## Requirement
Please copy out all lines of the entries that contain the word "answer".

## Given data

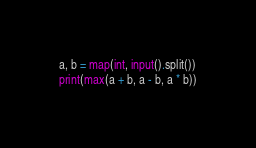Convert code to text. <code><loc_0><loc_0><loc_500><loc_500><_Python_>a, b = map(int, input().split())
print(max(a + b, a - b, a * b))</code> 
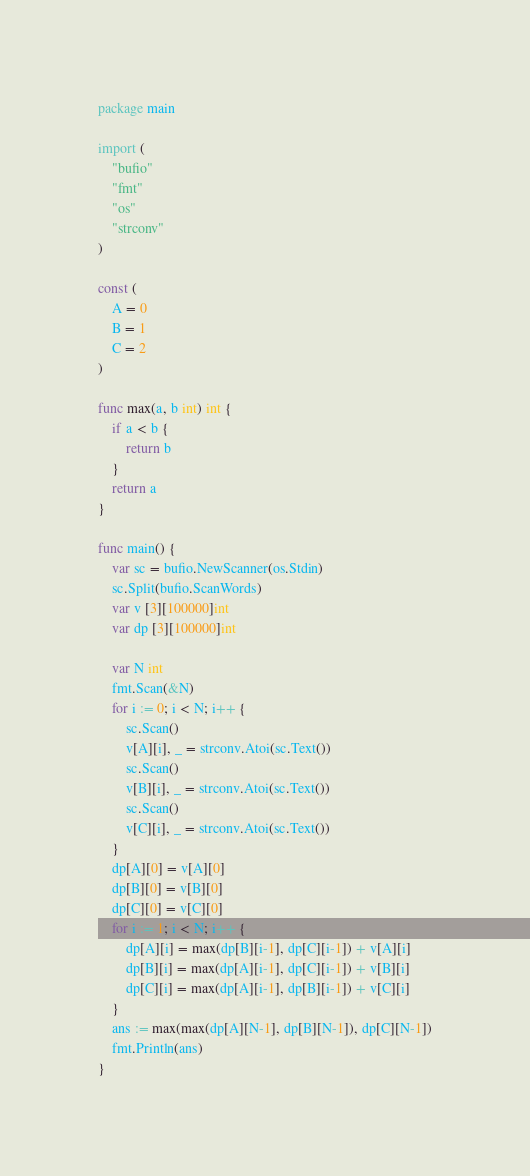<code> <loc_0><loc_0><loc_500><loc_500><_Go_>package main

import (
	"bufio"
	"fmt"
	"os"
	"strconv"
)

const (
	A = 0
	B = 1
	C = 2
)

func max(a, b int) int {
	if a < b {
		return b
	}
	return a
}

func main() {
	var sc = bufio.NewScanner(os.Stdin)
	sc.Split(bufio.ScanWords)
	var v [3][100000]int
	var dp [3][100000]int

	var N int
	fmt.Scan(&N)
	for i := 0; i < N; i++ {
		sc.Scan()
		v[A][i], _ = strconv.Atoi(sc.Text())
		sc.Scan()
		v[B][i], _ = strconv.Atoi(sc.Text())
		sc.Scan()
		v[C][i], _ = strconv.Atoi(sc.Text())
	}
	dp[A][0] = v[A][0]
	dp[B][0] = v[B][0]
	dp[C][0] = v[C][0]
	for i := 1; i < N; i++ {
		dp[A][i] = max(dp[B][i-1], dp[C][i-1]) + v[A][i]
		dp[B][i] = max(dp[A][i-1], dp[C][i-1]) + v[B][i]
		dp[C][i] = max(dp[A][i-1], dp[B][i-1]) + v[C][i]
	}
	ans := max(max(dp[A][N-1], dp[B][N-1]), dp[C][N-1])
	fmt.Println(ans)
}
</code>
...
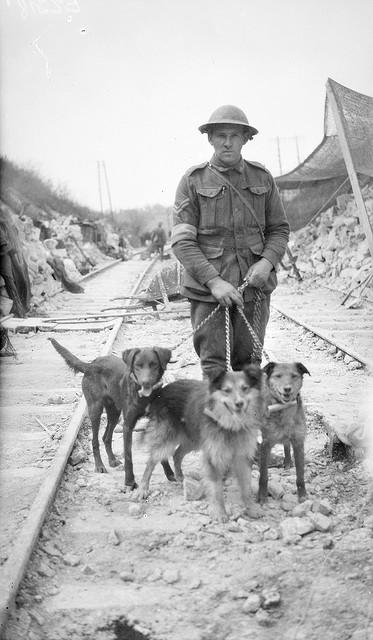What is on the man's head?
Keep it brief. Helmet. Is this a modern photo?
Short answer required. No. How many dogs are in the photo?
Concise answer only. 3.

## Exercise solution
Short answer required. No. How many dogs are in the photo?
Concise answer only. 3.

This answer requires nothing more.